How to Compare Pointers

How to compare pointers?

Yes, that is the definition of raw pointer equality: they both point to the same location (or are pointer aliases); usually in the virtual address space of the process running your application coded in C++ and managed by some operating system (but C++ can also be used for programming embedded devices with micro-controllers having a Harward architecture: on such microcontrollers some pointer casts are forbidden and makes no sense - since read only data could sit in code ROM)

For C++, read a good C++ programming book, see this C++ reference website, read the documentation of your C++ compiler (perhaps GCC or Clang) and consider coding with smart pointers. Maybe read also some draft C++ standard, like n4713 or buy the official standard from your ISO representative.

The concepts and terminology of garbage collection are also relevant when managing pointers and memory zones obtained by dynamic allocation (e.g. ::operator new), so read perhaps the GC handbook.

For pointers on Linux machines, see also this.

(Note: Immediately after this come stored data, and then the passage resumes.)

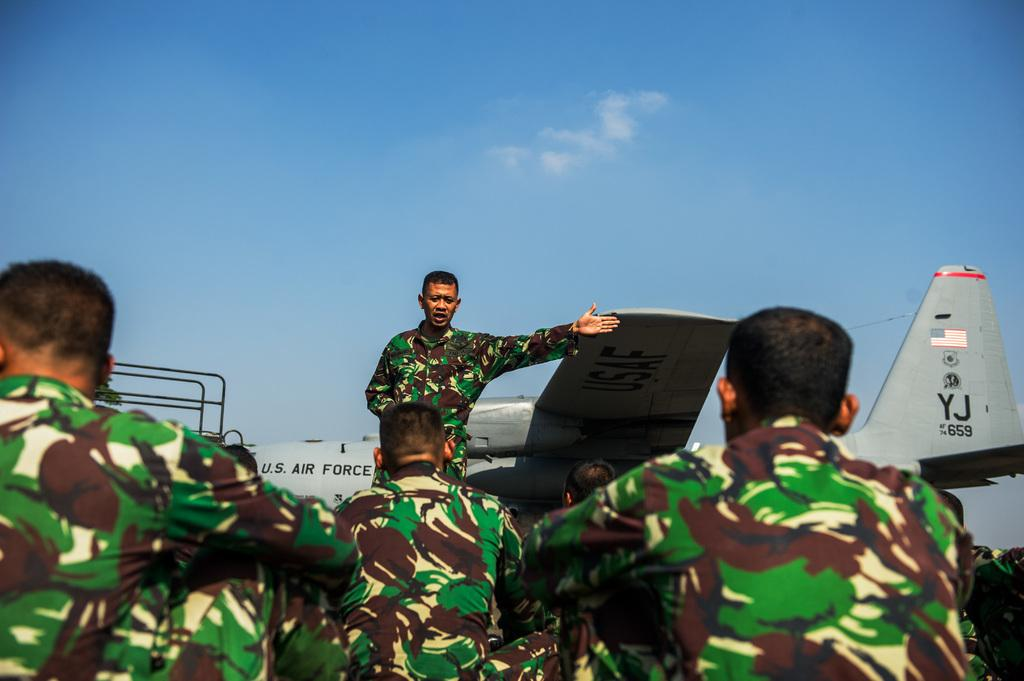How many people are in the image? There is a group of people in the image. Can you describe the position of the man in the image? There is a man standing in front of the group. What else can be seen in the image besides the people? There is an airplane and rods visible in the image. What is visible in the background of the image? The sky is visible in the background of the image. Is the group of people playing a game in the image? There is no indication in the image that the group of people is playing a game. What type of adjustment is being made to the rods in the image? There is no adjustment being made to the rods in the image; they are stationary. 
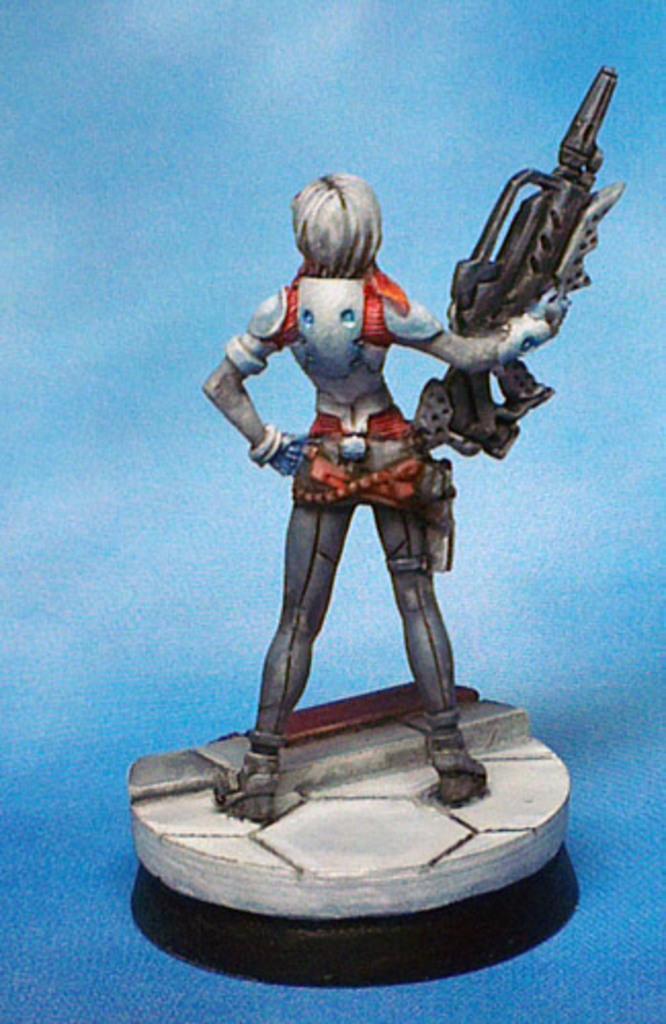Can you describe this image briefly? This is an animated image with a person standing and holding a gun. 
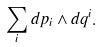<formula> <loc_0><loc_0><loc_500><loc_500>\sum _ { i } d p _ { i } \wedge d q ^ { i } .</formula> 
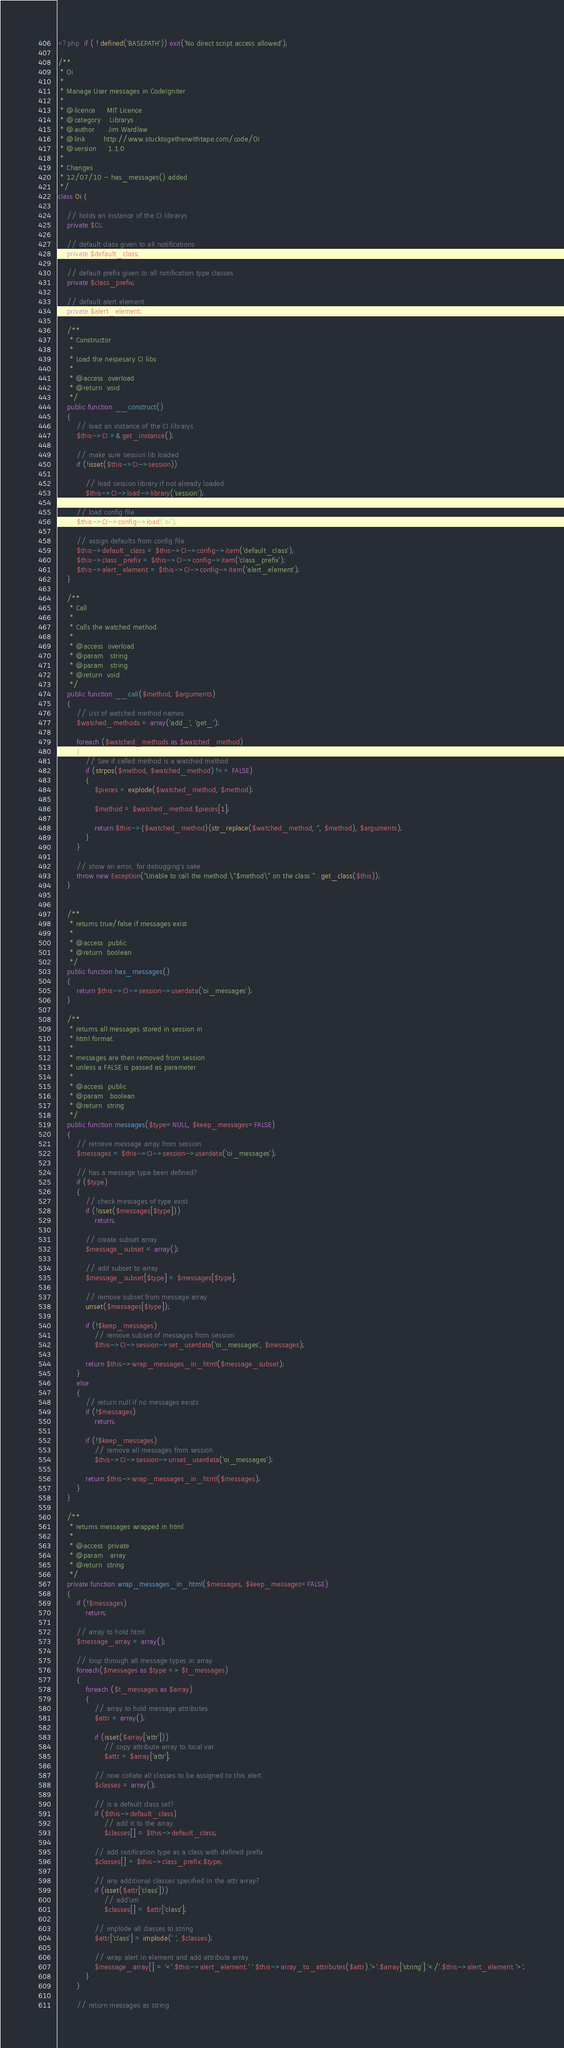<code> <loc_0><loc_0><loc_500><loc_500><_PHP_><?php  if ( ! defined('BASEPATH')) exit('No direct script access allowed');

/**
 * Oi
 *
 * Manage User messages in CodeIgniter
 *
 * @licence 	MIT Licence
 * @category	Librarys 
 * @author		Jim Wardlaw
 * @link		http://www.stucktogetherwithtape.com/code/Oi
 * @version 	1.1.0
 *
 * Changes
 * 12/07/10	- has_messages() added
 */ 
class Oi {
	
	// holds an instance of the CI librarys
	private $CI; 		

	// default class given to all notifications
	private $default_class;
	
	// default prefix given to all notification type classes
	private $class_prefix;
	
	// default alert element
	private $alert_element;

	/**
	 * Constructor
	 *
	 * Load the nessesary CI libs
	 *
	 * @access	overload
	 * @return	void
	 */	
	public function __construct()
	{
		// load an instance of the CI librarys
		$this->CI =& get_instance();
		
		// make sure session lib loaded
		if (!isset($this->CI->session))
		
			// load session library if not already loaded
			$this->CI->load->library('session');
			
		// load config file
		$this->CI->config->load('oi');
		
		// assign defaults from config file
		$this->default_class = $this->CI->config->item('default_class');		
		$this->class_prefix = $this->CI->config->item('class_prefix');		
		$this->alert_element = $this->CI->config->item('alert_element');
	}
	
	/**
	 * Call
	 *
	 * Calls the watched method.
	 *
	 * @access	overload
	 * @param	string
	 * @param	string
	 * @return	void
	 */
	public function __call($method, $arguments)
	{		
		// List of watched method names
		$watched_methods = array('add_', 'get_');

		foreach ($watched_methods as $watched_method)
		{
			// See if called method is a watched method
			if (strpos($method, $watched_method) !== FALSE)
			{
				$pieces = explode($watched_method, $method);
				
				$method = $watched_method.$pieces[1];
								
				return $this->{$watched_method}(str_replace($watched_method, '', $method), $arguments);
			}
		}
				
		// show an error, for debugging's sake.
		throw new Exception("Unable to call the method \"$method\" on the class " . get_class($this));
	}


	/**
	 * returns true/false if messages exist
	 *
	 * @access	public
	 * @return	boolean
	 */
	public function has_messages()
	{
		return $this->CI->session->userdata('oi_messages');
	}

	/**
	 * returns all messages stored in session in
	 * html format.
	 *
	 * messages are then removed from session
	 * unless a FALSE is passed as parameter
	 *
	 * @access	public
	 * @param	boolean
	 * @return	string
	 */
	public function messages($type=NULL, $keep_messages=FALSE)
	{
		// retrieve message array from session
		$messages = $this->CI->session->userdata('oi_messages');
		
		// has a message type been defined?
		if ($type)
		{
			// check messages of type exist
			if (!isset($messages[$type]))
				return;
			
			// create subset array
			$message_subset = array();
			
			// add subset to array
			$message_subset[$type] = $messages[$type];
			
			// remove subset from message array
			unset($messages[$type]);
			
			if (!$keep_messages)
				// remove subset of messages from session
				$this->CI->session->set_userdata('oi_messages', $messages);
			
			return $this->wrap_messages_in_html($message_subset);				
		}
		else
		{
			// return null if no messages exists
			if (!$messages)
				return;
				
			if (!$keep_messages)
				// remove all messages from session
				$this->CI->session->unset_userdata('oi_messages');
				
			return $this->wrap_messages_in_html($messages);
		}
	}

	/**
	 * returns messages wrapped in html
	 *
	 * @access	private
	 * @param	array
	 * @return	string
	 */	
	private function wrap_messages_in_html($messages, $keep_messages=FALSE)
	{
		if (!$messages)
			return;
			
		// array to hold html
		$message_array = array();
			
		// loop through all message types in array
		foreach($messages as $type => $t_messages)
		{			
			foreach ($t_messages as $array)
			{
				// array to hold message attributes
				$attr = array();
							
				if (isset($array['attr']))
					// copy attribute array to local var
					$attr = $array['attr'];
					
				// now collate all classes to be assigned to this alert
				$classes = array();
				
				// is a default class set?
				if ($this->default_class)
					// add it to the array
					$classes[] = $this->default_class;
					
				// add notification type as a class with defined prefix
				$classes[] = $this->class_prefix.$type;
				
				// any additional classes specified in the attr array?
				if (isset($attr['class']))
					// add'um
					$classes[] = $attr['class'];
				
				// implode all classes to string
				$attr['class'] = implode(' ', $classes);
							
				// wrap alert in element and add attribute array
				$message_array[] = '<'.$this->alert_element.' '.$this->array_to_attributes($attr).'>'.$array['string'].'</'.$this->alert_element.'>';
			}
		}
						
		// return messages as string</code> 
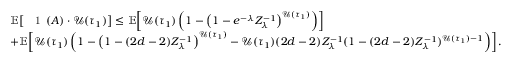<formula> <loc_0><loc_0><loc_500><loc_500>\begin{array} { r l } & { \mathbb { E } \, \left [ { \mathfrak 1 } ( A ) \cdot \mathcal { U } ( \tau _ { 1 } ) \right ] \leq \mathbb { E } \, \left [ \mathcal { U } ( \tau _ { 1 } ) \left ( 1 - \left ( 1 - e ^ { - \lambda } Z _ { \lambda } ^ { - 1 } \right ) ^ { \mathcal { U } ( \tau _ { 1 } ) } \right ) \right ] } \\ & { + \mathbb { E } \, \left [ \mathcal { U } ( \tau _ { 1 } ) \left ( 1 - \left ( 1 - ( 2 d - 2 ) Z _ { \lambda } ^ { - 1 } \right ) ^ { \mathcal { U } ( \tau _ { 1 } ) } - \mathcal { U } ( \tau _ { 1 } ) ( 2 d - 2 ) Z _ { \lambda } ^ { - 1 } ( 1 - ( 2 d - 2 ) Z _ { \lambda } ^ { - 1 } ) ^ { \mathcal { U } ( \tau _ { 1 } ) - 1 } \right ) \right ] . } \end{array}</formula> 
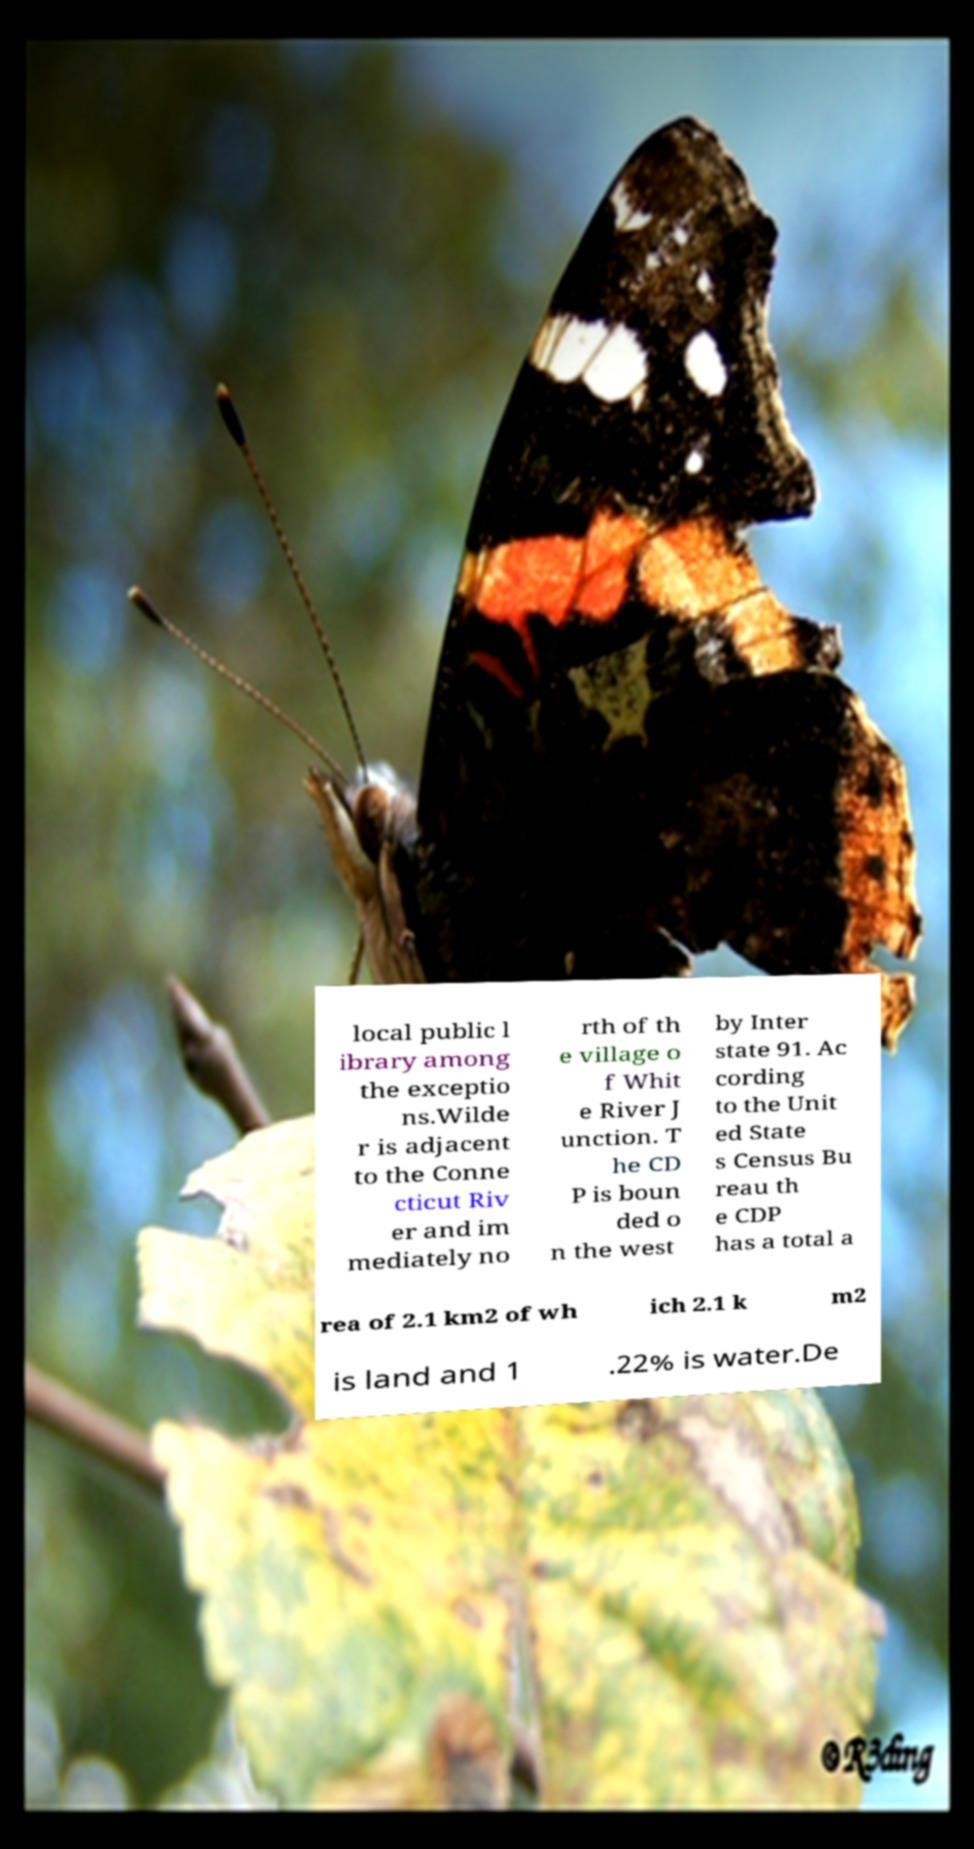Could you extract and type out the text from this image? local public l ibrary among the exceptio ns.Wilde r is adjacent to the Conne cticut Riv er and im mediately no rth of th e village o f Whit e River J unction. T he CD P is boun ded o n the west by Inter state 91. Ac cording to the Unit ed State s Census Bu reau th e CDP has a total a rea of 2.1 km2 of wh ich 2.1 k m2 is land and 1 .22% is water.De 
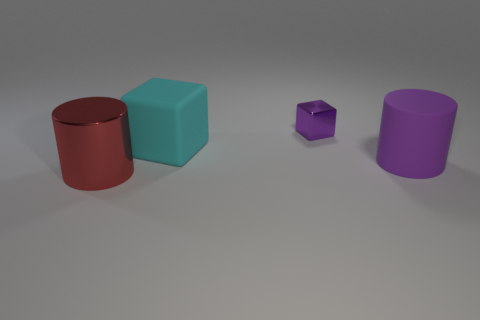Add 3 big cylinders. How many objects exist? 7 Subtract 1 purple blocks. How many objects are left? 3 Subtract all large blue cylinders. Subtract all big shiny objects. How many objects are left? 3 Add 4 red shiny cylinders. How many red shiny cylinders are left? 5 Add 3 shiny blocks. How many shiny blocks exist? 4

How does pointer comparison work in C? Is it ok to compare pointers that don't point to the same array?

According to the C11 standard, the relational operators <, <=, >, and >= may only be used on pointers to elements of the same array or struct object. This is spelled out in section 6.5.8p5:

When two pointers are compared, the result depends on the
relative locations in the address space of the objects pointed to.
If two pointers to object types both point to the same object, or
both point one past the last element of the same array
object, they compare equal. If the objects pointed to are
members of the same aggregate object,pointers to structure
members declared later compare greater than pointers to
members declared earlier in the structure, and pointers to
array elements with larger subscript values compare greater than
pointers to elements of the same array with lower subscript values.
All pointers to members of the same union object compare
equal. If the expression P points to an element of an array
object and the expression Q points to the last element of the
same array object, the pointer expression Q+1 compares greater than P.
In all other cases, the behavior is undefined.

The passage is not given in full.